This project aims to migrate an on-premises SQL database to the Azure Cloud, leveraging a range of Azure services and ETL concepts to ensure a smooth and efficient transition. The solution incorporates a multi-hop lakehouse architecture, emphasizing security, governance, and data quality.
I used AdventureWorks sample databases from Microsoft.
- OnPrem SQL Server with SQL Server Management Studio (SSMS)
- Azure Data Lake Gen2
- Azure Data Factory (ADF)
- Databricks
- Azure Synapse Analytics
- Serverless SQL Database
- Power BI
- Azure Key Vault
- Azure Resource Groups
The architecture for this project follows the bronze-silver-gold (multi-hop) lakehouse model:
- Bronze Layer: Raw data ingested into Azure Data Lake Gen2. (Exactly the same as in the On-Prem DB)
- Silver Layer: Casted all columns with "date" in name to datetime type
- Gold Layer: Changed column names from CamelCase to snake_case.
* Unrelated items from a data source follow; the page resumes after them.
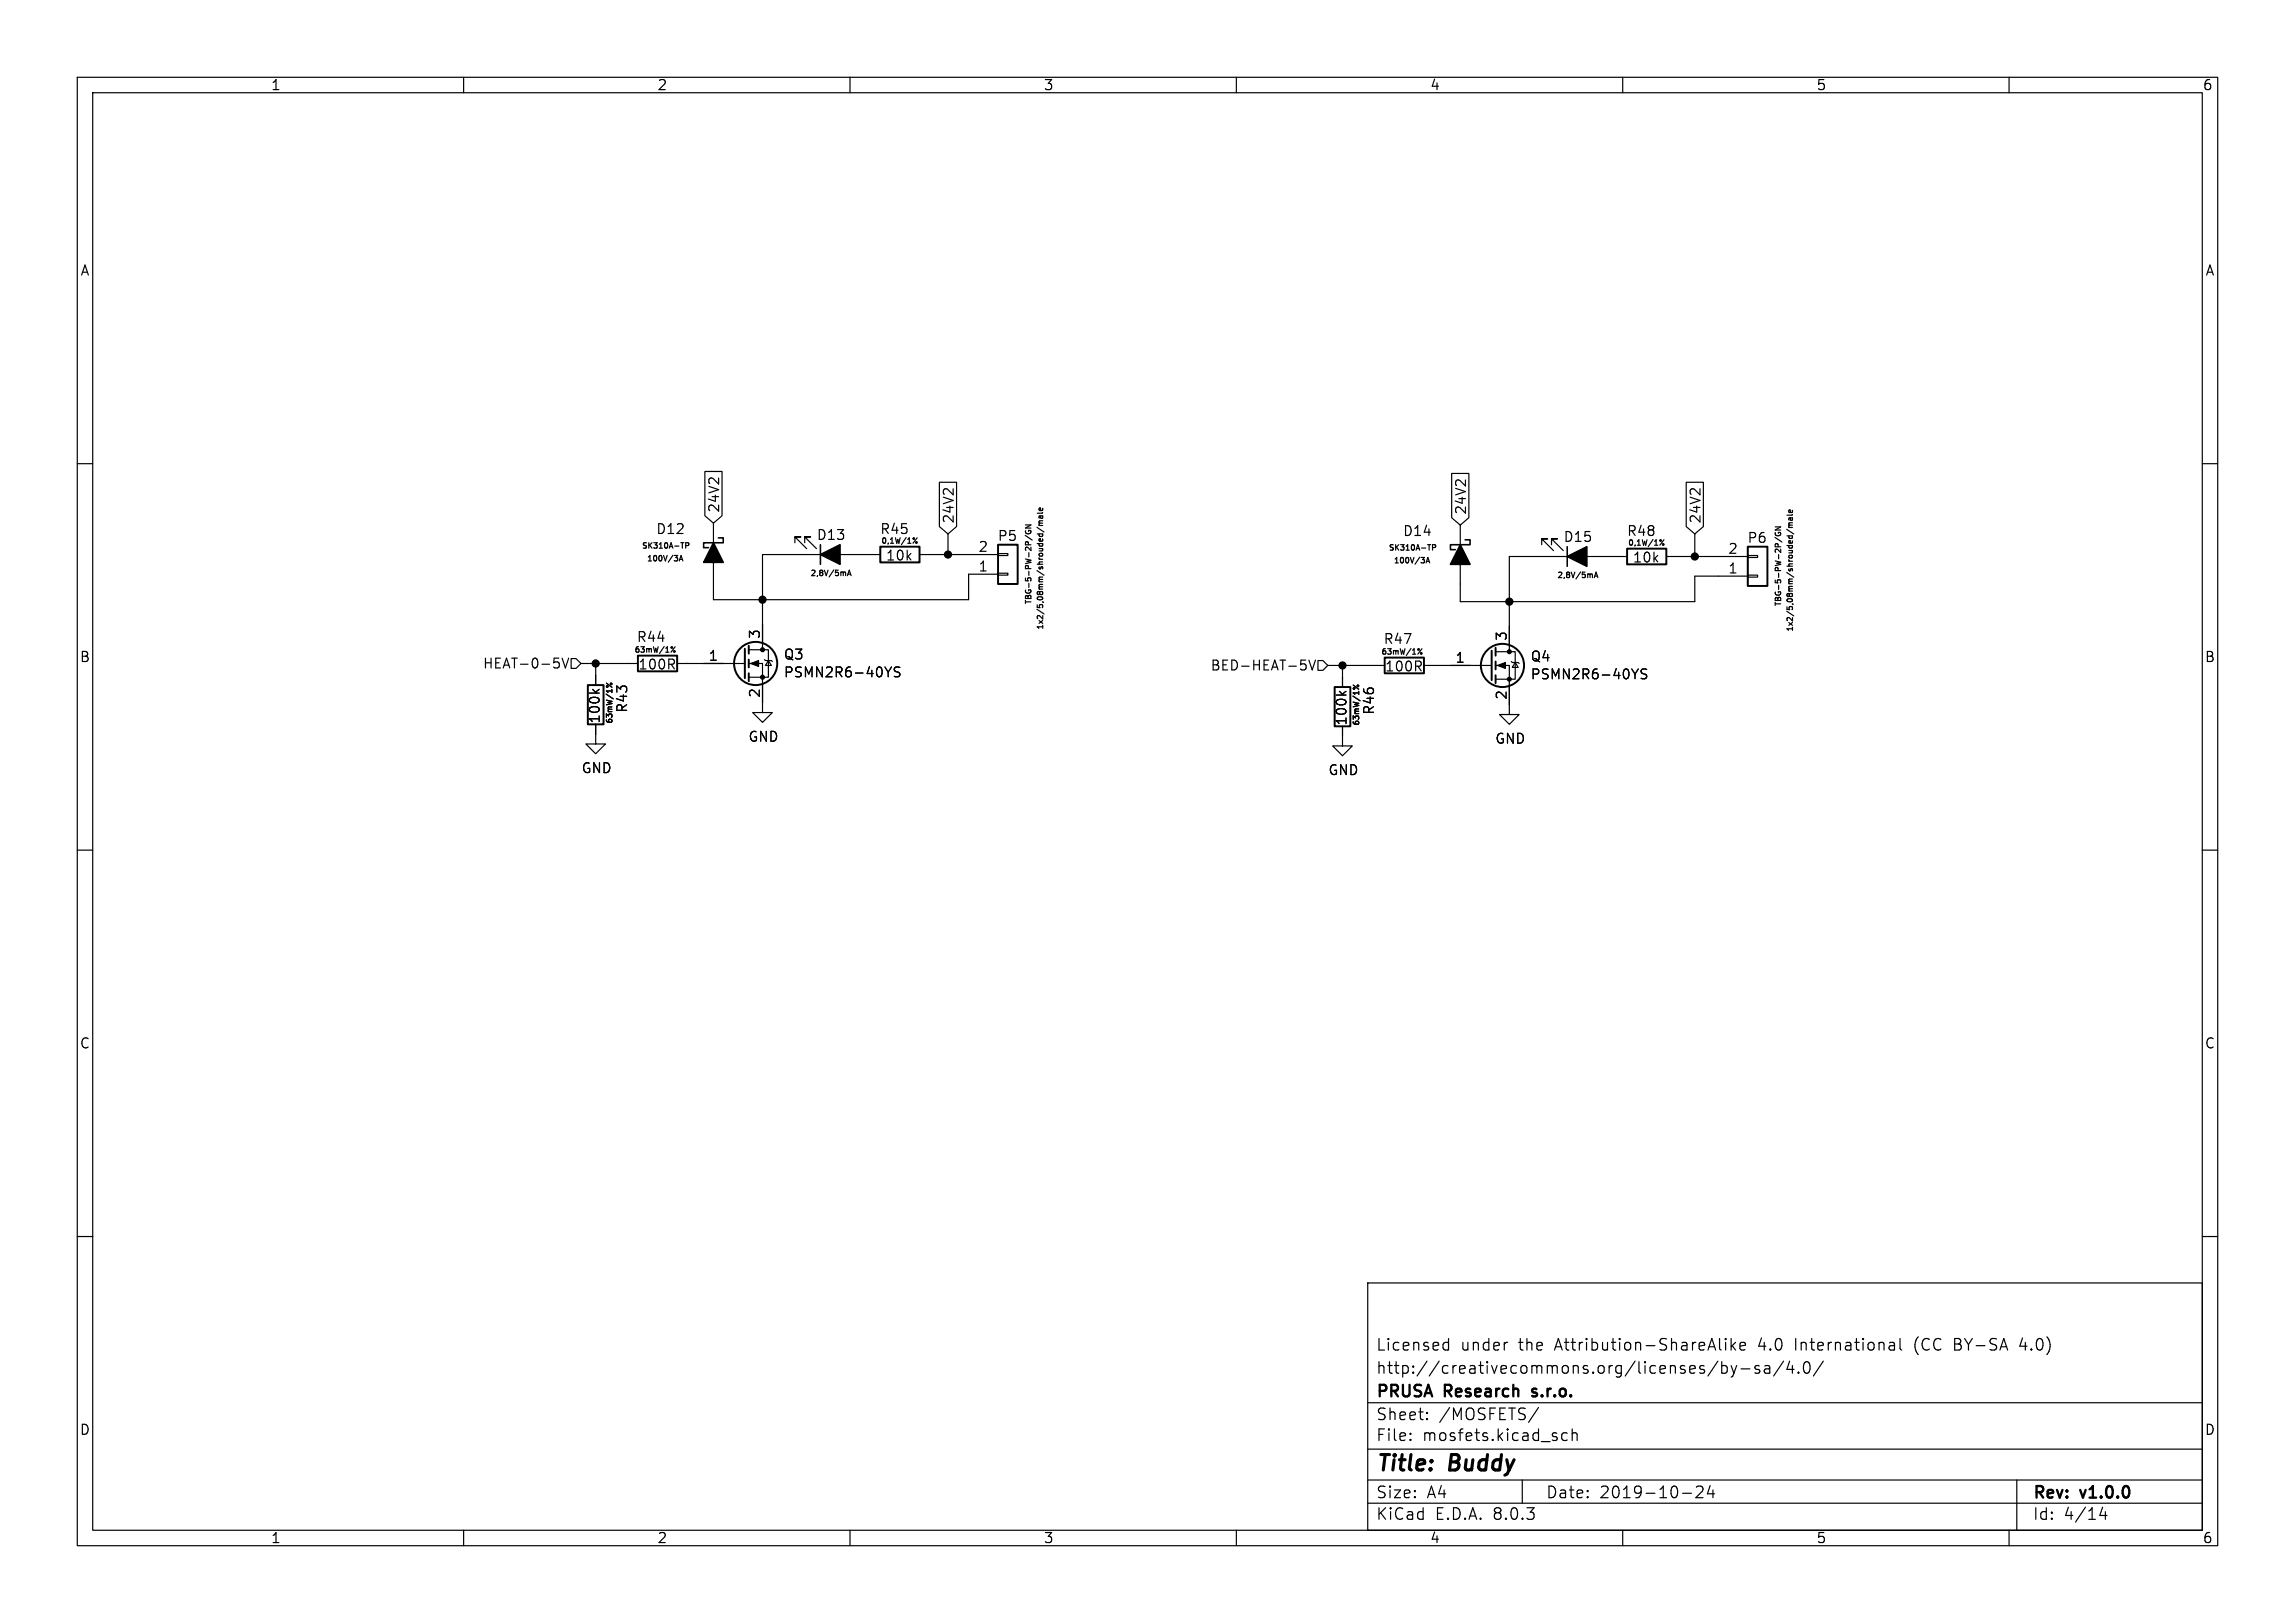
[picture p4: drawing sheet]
<svg xmlns="http://www.w3.org/2000/svg" width="297mm" height="210mm" viewBox="0 0 297 210" stroke-linecap="round" stroke-linejoin="round" font-family="sans-serif">
<defs><g id="words">
<g font-size="2.8">
<text x="178" y="190.9">Title:</text>
<text x="187.7" y="190.9">Buddy</text>
</g>
<g font-size="2.1">
<text x="178" y="178">http://creativecommons.org/licenses/by-sa/4.0/</text>
<text x="178" y="175">Licensed</text>
<text x="189" y="175">under</text>
<text x="196.6" y="175">the</text>
<text x="201.4" y="175">Attribution-ShareAlike</text>
<text x="227.8" y="175">4.0</text>
<text x="232.7" y="175">International</text>
<text x="248.3" y="175">(CC</text>
<text x="253.6" y="175">BY-SA</text>
<text x="262.3" y="175">4.0)</text>
<text x="178" y="184">Sheet:</text>
<text x="178" y="181.2">PRUSA</text>
<text x="186.2" y="184">/MOSFETS/</text>
<text x="187" y="181.2">Research</text>
<text x="199" y="181.2">s.r.o.</text>
<text x="178" y="186.7">File:</text>
<text x="184.1" y="186.7">mosfets.kicad_sch</text>
<text x="178" y="196.9">KiCad</text>
<text x="178" y="194.1">Size:</text>
<text x="184.7" y="194.1">A4</text>
<text x="185.7" y="196.9">E.D.A.</text>
<text x="193.3" y="196.9">8.0.3</text>
<text x="200" y="194.1">Date:</text>
<text x="207" y="194.1">2019-10-24</text>
<text x="263" y="194.3">Rev:</text>
<text x="263" y="196.9">Id:</text>
<text x="267.1" y="196.9">4/14</text>
<text x="269.4" y="194.3">v1.0.0</text>
</g>
<g font-size="1.8">
<text x="35" y="11.9">1</text>
<text x="85" y="11.9">2</text>
<text x="135" y="11.9">3</text>
<text x="185" y="11.9">4</text>
<text x="235" y="11.9">5</text>
<text x="285" y="11.9">6</text>
<text x="10.3" y="35.9">A</text>
<text x="285.3" y="35.9">A</text>
<text x="84.8" y="69.3">D12</text>
<text x="93.3" y="66.4" transform="rotate(-90 93.3 66.4)">24V2</text>
<text x="105.6" y="70.1">D13</text>
<text x="113.8" y="69.3">R45</text>
<text x="123.6" y="67.8" transform="rotate(-90 123.6 67.8)">24V2</text>
<text x="126.5" y="71.5">2</text>
<text x="129" y="70.2">P5</text>
<text x="181.5" y="69.6">D14</text>
<text x="189.9" y="66.7" transform="rotate(-90 189.9 66.7)">24V2</text>
<text x="202.3" y="70.3">D15</text>
<text x="210.5" y="69.6">R48</text>
<text x="220.3" y="67.8" transform="rotate(-90 220.3 67.8)">24V2</text>
<text x="223.6" y="71.8">2</text>
<text x="226.1" y="70.5">P6</text>
<text x="114.6" y="72.7">10k</text>
<text x="126.5" y="74">1</text>
<text x="211.2" y="73">10k</text>
<text x="223.6" y="74.3">1</text>
<text x="82.3" y="83.3">R44</text>
<text x="98.4" y="82.7" transform="rotate(-90 98.4 82.7)">3</text>
<text x="179" y="83.5">R47</text>
<text x="195.1" y="83" transform="rotate(-90 195.1 83)">3</text>
<text x="10.3" y="85.9">B</text>
<text x="62.4" y="86.7">HEAT-0-5V</text>
<text x="82.5" y="86.8">100R</text>
<text x="91.6" y="85.6">1</text>
<text x="101.4" y="87.9">PSMN2R6-40YS</text>
<text x="101.4" y="85.5">Q3</text>
<text x="156.6" y="87">BED-HEAT-5V</text>
<text x="179.2" y="87.1">100R</text>
<text x="188.3" y="85.9">1</text>
<text x="198" y="88.1">PSMN2R6-40YS</text>
<text x="198" y="85.8">Q4</text>
<text x="285.3" y="85.9">B</text>
<text x="77.8" y="93.7" transform="rotate(-90 77.8 93.7)">100k</text>
<text x="81.4" y="92.3" transform="rotate(-90 81.4 92.3)">R43</text>
<text x="98.4" y="90.4" transform="rotate(-90 98.4 90.4)">2</text>
<text x="174.5" y="94" transform="rotate(-90 174.5 94)">100k</text>
<text x="178" y="92.6" transform="rotate(-90 178 92.6)">R46</text>
<text x="195.1" y="90.6" transform="rotate(-90 195.1 90.6)">2</text>
<text x="75.2" y="100.3">GND</text>
<text x="96.8" y="96.2">GND</text>
<text x="171.8" y="100.5">GND</text>
<text x="193.4" y="96.4">GND</text>
<text x="10.3" y="135.9">C</text>
<text x="285.3" y="135.9">C</text>
<text x="10.3" y="185.9">D</text>
<text x="285.3" y="185.9">D</text>
<text x="35" y="199.9">1</text>
<text x="85" y="199.9">2</text>
<text x="135" y="199.9">3</text>
<text x="185" y="199.9">4</text>
<text x="235" y="199.9">5</text>
<text x="285" y="199.9">6</text>
</g>
<g font-size="1">
<text x="83" y="71.2">SK310A-TP</text>
<text x="113.9" y="70.6">0,1W/1%</text>
<text x="179.6" y="71.5">SK310A-TP</text>
<text x="210.6" y="70.8">0,1W/1%</text>
<text x="83.6" y="72.8">100V/3A</text>
<text x="104.8" y="74.8">2,8V/5mA</text>
<text x="180.3" y="73.1">100V/3A</text>
<text x="201.4" y="75">2,8V/5mA</text>
<text x="133.7" y="78.3" transform="rotate(-90 133.7 78.3)">TBG-5-PW-2P/GN</text>
<text x="135.2" y="81.6" transform="rotate(-90 135.2 81.6)">1x2/5,08mm/shrouded/male</text>
<text x="230.7" y="78.6" transform="rotate(-90 230.7 78.6)">TBG-5-PW-2P/GN</text>
<text x="232.2" y="81.9" transform="rotate(-90 232.2 81.9)">1x2/5,08mm/shrouded/male</text>
<text x="82" y="84.7">63mW/1%</text>
<text x="178.6" y="84.9">63mW/1%</text>
<text x="79.5" y="93.8" transform="rotate(-90 79.5 93.8)">63mW/1%</text>
<text x="176.1" y="94" transform="rotate(-90 176.1 94)">63mW/1%</text>
</g>
</g></defs>
<g fill="none" stroke="#000" stroke-width=".15">
<path d="M10 10h277v190h-277zM12 12h273v186h-273zM60 10v2M110 10v2M160 10v2M210 10v2M260 10v2M10 60h2M285 60h2M87.9 72.6l.2-.7 .3 .7M88 72.4h.3M88.1 70.2h.4"/>
<path d="M88.7 70.6h.4v-.3l-.4-.1v.7M91.2 61h2.2v5.7l-1.1 1-1.1-1zM92.3 67.7v9.9h33v-3.3h3.9M102.9 70.2v-.7h.7h-.7l1.5 1.5M104.1 70.2v-.7h.8h-.8l1.6 1.5M109.7 74.5l.2-.7 .2 .7M109.7 74.3h.4M113.9 71.8h-15.2v12.3M118.3 69.6l.1 .1-.1 .1M118.7 69.6l-.5 .7M119 71.8h10.2M121.6 62.4h2.2v5.7l-1.1 1-1.1-1z"/>
<path d="M122.7 69.1v2.7M129.2 71.6h1.2v.3h-1.2zM129.2 74.2h1.2v.2h-1.2zM132.7 69.3l.9 .6M132.7 67.9h.7l-.7 .4h.7M132.7 68.7a.32 .32 0 0 0 .4 .4 .32 .32 0 0 0 .2-.5h-.2v.2M134.2 68.2l.9 .6M134.5 68h.4M134.6 67.7l-.1 .1v.2M134.6 67.7h.3M134.6 66.7l.2 .4 .1-.1v-.3M134.9 65.8v.2l-.1 .1-.3-.1v-.2l.1-.1 .1 .4"/>
<path d="M134.9 66.7l-.4 .1v.3M134.9 67.4h-.4v.2l.1 .1M134.9 66.3l-.1 .1h-.6M184.5 72.8l.3-.7 .2 .7M184.6 72.6h.4M184.7 70.5h.5M185.4 70.8h.3l.1-.3h-.4v.7M187.9 61.3h2.2v5.7l-1.1 .9-1.1-.9zM189 67.9v10h30.3v-3.4h6.9M199.5 70.5v-.8h.8h-.8l1.5 1.5M200.8 70.5v-.8h.7h-.7l1.5 1.5M206.3 74.7l.3-.7 .2 .7"/>
<path d="M206.4 74.5h.3M210.6 72h-15.3v12.3M214.9 69.8l.1 .1-.1 .1M215.3 69.8l-.5 .8M215.6 72h10.6M218.2 62.4h2.2v5.7l-1.1 1-1.1-1zM219.3 69.1v2.9M226.2 71.9h1.3v.2h-1.3zM226.2 74.4h1.3v.3h-1.3zM229.7 69.5l.9 .6M229.7 68.2h.7l-.7 .4h.7M229.8 68.9a.32 .32 0 0 0 .3 .4 .32 .32 0 0 0 .3-.4h-.3v.1"/>
<path d="M231.2 68.5l.9 .6M231.5 68.3h.5M231.6 67.9l-.1 .1 .1 .3M231.6 67.9h.4M231.7 67l.1 .3 .2-.1-.1-.2M231.9 66l.1 .2-.1 .1h-.4v-.3h.2v.3M232 67h-.5v.3M232 67.6l-.5 .1v.1l.1 .1M232 66.6l-.1 .1h-.6M71.7 85.2h.6M71.8 85.6h.3l.3 .3v.3l-.1 .2h-.5M72.7 85.2l.5 1.2 .4-1.2"/>
<path d="M73.9 85.2h.6l.7 .7-.7 .6h-.6zM75.2 85.9h7.3M76.7 89.2l.5 .5M77.1 93.7v2.6h1.3l-1.3 1.2-1.3-1.2h1.3M77.1 85.9v2.7M77.5 89.2l-.4 .4M78.5 88.4l.7 .5M78.5 88.9l.1-.2v.2M86.9 83.7l.1 .1-.1 .1M87.4 83.7l-.6 .7M87.6 85.9h8.8M96.9 85.9h1.8v6.3h1.2l-1.2 1.3-1.3-1.3h1.3"/>
<path d="M96.9 84.1h2.5v3.5h-2.5M98.9 85.3l.2 .2h.7l.1 .1M99.4 85.5l.4 .6h-.7zM115.4 86.3l-.5 .7M116.5 86.4l-.5-.1-.2 .1-.1 .3a.6 .6 0 0 0 .6 .3l.2 .2-.2 .3h-.6M168.4 85.4h.6M168.8 85.9l.2 .2v.3l-.2 .3M169.4 85.4l.4 1.3 .4-1.3M170.6 85.5h.6l.6 .6-.6 .6h-.6zM171.8 86.1h7.4M173.3 89.5l.5 .4M173.7 94v2.5h1.3l-1.3 1.3-1.2-1.3h1.2"/>
<path d="M173.7 86.1v2.8M174.2 89.5l-.5 .3M175.1 88.6l.7 .6M175.2 89.2v-.2l.1 .2M183.5 84h.2l-.2 .1M184 83.9l-.5 .7M184.3 86.1h8.7M193.5 86.1h1.8v6.4h1.3l-1.3 1.2-1.2-1.2h1.2M193.5 84.3h2.6v3.6h-2.6M195.6 85.6l.1 .1h.8l.1 .2M196.1 85.7l.4 .7h-.8zM212 86.6l-.4 .6"/>
<path d="M213.1 86.6h-.5l-.2 .1v.2a.6 .6 0 0 0 .6 .4l.1 .2-.1 .3h-.6M10 110h2M285 110h2M10 160h2M285 160h2M177 166h108v32h-108zM186.9 174.6l.1 .1 .5-.1M186.9 173.8l.1-.1 .5 .1M187.5 173.2v1.5M195 173.7h.1M222.3 176.1l-1.3 2M222.5 173.2v1.3l.2 .2"/>
<path d="M222.8 176.2v1.5M222.8 176.8l.4-.1 .3 .3v.4l-.1 .2-.2 .1-.4-.1M223.3 173.2v.1M223.3 173.7v1M223.3 173.2l-.1 .1h.1M223.3 173.2l.1 .1h-.1M224 176.7l.4 1M224 173.2v1.5M224.2 174.1l.4 .6M224.4 177.7l-.2 .4-.2 .1M224.6 173.7l-.6 .6M224.7 176.7l-.3 1"/>
<path d="M225.2 174.2l.7-.1-.1-.3-.4-.1-.2 .2v.7l.2 .1 .4-.1M225.3 177.1h1.2M227.7 176.8l-.4-.1-.2 .2 .1 .2 .5 .2v.1v.2l-.2 .1-.4-.1M228.4 176.8l.1-.1 .5 .1v.9M229 177.1h-.5a.29 .29 0 0 0-.2 .3 .29 .29 0 0 0 .2 .3l.5-.1M230.8 176.1l-1.3 2M231.6 176.1l-.4 1.1h1M232 176.7v1M232.7 177.6h.1l-.1 .1M232.7 177.6v.1M233.5 176.3a.36 .36 0 0 1 .4-.1 .36 .36 0 0 1 .3 .3 .77 .77 0 0 1-.5 1.2 .91 .91 0 0 1-.2-1.4zM236 176.1l-1.3 2"/>
<path d="M244.7 173.7h.3l.2 .2v.8M245.2 174.6l-.5 .1M245.2 174.1h-.5M245.9 173.2v1.3l.2 .2M253 173.9h.5M253.5 173.2h-.5v1.5h.5M261.7 173.1l-.3 1.1h.9M60 198v2M110 198v2M160 198v2M177 194.5h108M177 191.5h108"/>
<path d="M177 187.5h108M177 181.5h108M182.5 186.3h.1l-.1 .1M182.5 186.3v.1M182.5 185.5v.1M182.5 185.5h.1l-.1 .1M184.7 183.6v.1M184.7 183.6h-.1l.1 .1M184.7 182.8v.1M184.7 182.8h-.1l.1 .1M197 191.5v3M199.1 182.1l-1.3 2"/>
<path d="M202.8 185.5l-.4-.1-.3 .3v.4l.1 .2 .2 .1 .4-.1M203.5 185.5a.37 .37 0 0 1 .6 .1v.8M203.5 184.9v1.5M210 198v2M217.7 193.2h1.2M219.5 192.4l.2-.1h.4a.41 .41 0 0 1 .2 .6l-.8 .9h.9M221.3 192.2l-.3 1.1h.9M221.7 192.8v1M260 198v2M261 191.5v6.5M272.1 195l-.4 1.1h1M272.5 195.6v1"/>
<circle cx="118.6" cy="70.2" r=".1"/>
<circle cx="215.2" cy="70.5" r=".1"/>
<circle cx="79.1" cy="88.5" r=".1"/>
<circle cx="87.3" cy="84.3" r=".1"/>
<circle cx="175.7" cy="88.7" r=".1"/>
<circle cx="183.9" cy="84.5" r=".1"/>
</g>
<path d="M198.3 179.8v.1v.2M198.3 180.6l.1 .1" fill="none" stroke="#000" stroke-width=".3"/>
<g fill="none" stroke="#000" stroke-width=".25">
<path d="M113.9 70.7h5.1v2.1h-5.1zM129.2 70.5h2.5v5.1h-2.5zM210.6 71h5v2h-5zM226.2 70.7h2.5v5.1h-2.5zM76.1 88.6h2v5.1h-2zM82.5 84.8h5.1v2.1h-5.1zM96.4 83.9v3.9M96.9 83.6v1M96.9 85.3v1.1M96.9 87.1v1M172.7 88.9h2.1v5.1h-2.1zM179.2 85.1h5.1v2h-5.1z"/>
<path d="M193 84.2v3.8M193.5 83.8v1M193.5 85.6v1M193.5 87.4v1"/>
<circle cx="97.8" cy="85.9" r="2.79"/>
<circle cx="194.4" cy="86.1" r="2.79"/>
</g>
<path d="M92.3 70.2l1.3 2.6h-2.5zM106.2 71.8l2.5-1.3v2.5zM189 70.5l1.2 2.5h-2.5zM202.8 72l2.6-1.3v2.6z" fill="#000" stroke="#000" stroke-width=".2"/>
<path d="M93 69.6h.6v.6h-2.5v.7h.6M106.2 70.5v2.5M189.6 69.9h.6v.6h-2.5v.6h.6M202.8 70.7v2.6" fill="none" stroke="#000" stroke-width=".2"/>
<g fill="#000" stroke="#000" stroke-width=".15">
<path d="M97.2 85.9l1-.4v.7zM193.8 86.1l1-.4v.8z"/>
<circle cx="98.7" cy="77.6" r=".46"/>
<circle cx="122.7" cy="71.8" r=".46"/>
<circle cx="195.3" cy="77.9" r=".46"/>
<circle cx="219.3" cy="72" r=".46"/>
<circle cx="77.1" cy="85.9" r=".46"/>
<circle cx="98.7" cy="84.1" r=".25"/>
<circle cx="98.7" cy="87.6" r=".25"/>
<circle cx="173.7" cy="86.1" r=".46"/>
<circle cx="195.3" cy="87.9" r=".25"/>
<circle cx="195.3" cy="84.3" r=".25"/>
</g>
<use href="#words"/>
</svg>

The pipeline consists of the following main tasks:
- Lookup: Gets names of all tables within the On-Prem SQL Database
- ForEach: Selects all from each table, and copies data into a bronze layer
- Notebooks: Performs modifications on data and writes data to Azure Data Lake
The pipeline consists of the following main tasks:
- Get Metadata: Retrieves metadata from the Azure Data Lake container to list child items.
- For Each: Iterates through the listed items and executes a stored procedure to create or alter Serverless SQL views for Delta tables.
- Multi-Hop Architecture: Bronze-Silver-Gold layers for data processing and storage.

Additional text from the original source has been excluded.